Cook County Hosts 2015 Vendor Fair on Contracting Opportunities

Building on her efforts to encourage competition and promote transparency, Cook County Board President Toni Preckwinkle took part in a 2015 Vendor Fair on Wednesday. The annual event is part of a collaborative effort between Cook County and the City of Chicago aimed at providing useful information on how to do business with local governments. The Vendor Fair provided a chance for outside vendors to learn about contracting opportunities with Cook County and the City of Chicago, as well as State, Federal and non-profit assist agencies. More than 1,000 participants preregistered for the opportunity to network with procurement officials, other business owners and numerous subject matter experts. “Cook County wants businesses of all sizes to have an opportunity to grow and create jobs,” Preckwinkle said. “From workshops providing bidders with information regarding goods and services generally requested by Cook County to helpful tips for those seeking to participate in the County’s procurement process, we’re working hard to educate stakeholders on contracting opportunities.” Under President Preckwinkle, the County has completely revamped its public procurement process to increase competitive bidding on County business while also increasing efficiency.
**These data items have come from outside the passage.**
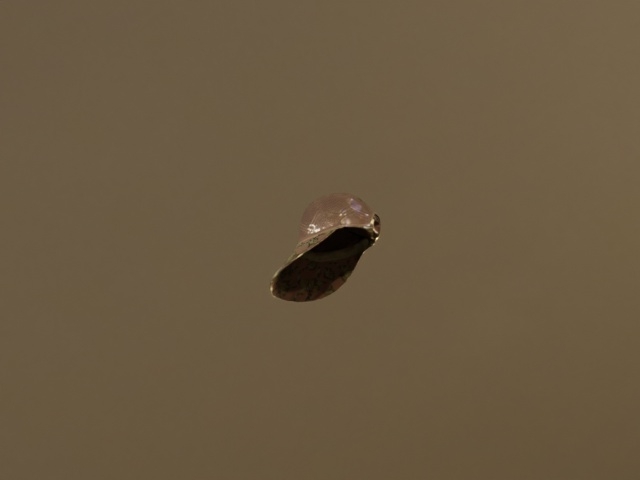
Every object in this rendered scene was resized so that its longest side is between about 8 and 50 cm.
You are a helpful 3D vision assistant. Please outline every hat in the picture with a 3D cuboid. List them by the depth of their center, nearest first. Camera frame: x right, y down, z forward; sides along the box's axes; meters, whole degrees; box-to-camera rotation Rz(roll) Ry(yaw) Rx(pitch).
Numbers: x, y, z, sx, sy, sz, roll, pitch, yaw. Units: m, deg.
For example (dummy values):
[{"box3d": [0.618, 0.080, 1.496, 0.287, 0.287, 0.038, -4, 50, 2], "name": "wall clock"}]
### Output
[{"box3d": [-0.003, 0.001, 0.928, 0.087, 0.042, 0.058, -42, -37, 13], "name": "hat"}]

Preckwinkle spearheaded changes to the County’s Procurement Code to improve enforcement of its M/WBE program and added reinforcement measures to the code, creating tools to support M/WBE firms and assist in promoting greater inclusion of these firms in a more transparent procurement process. Additionally, a reciprocal certification initiative with the City of Chicago allows small minority- and women-owned businesses to be certified by just one government with the goal of cutting red tape to streamline the process. “With a well-organized and effective procurement department we are now better equipped to work collaboratively with the City of Chicago and other agencies,” Preckwinkle said. “The City of Chicago and Cook County shared a building for decades but rarely shared ideas and resources. We are now working together to create efficiencies and save taxpayer dollars.”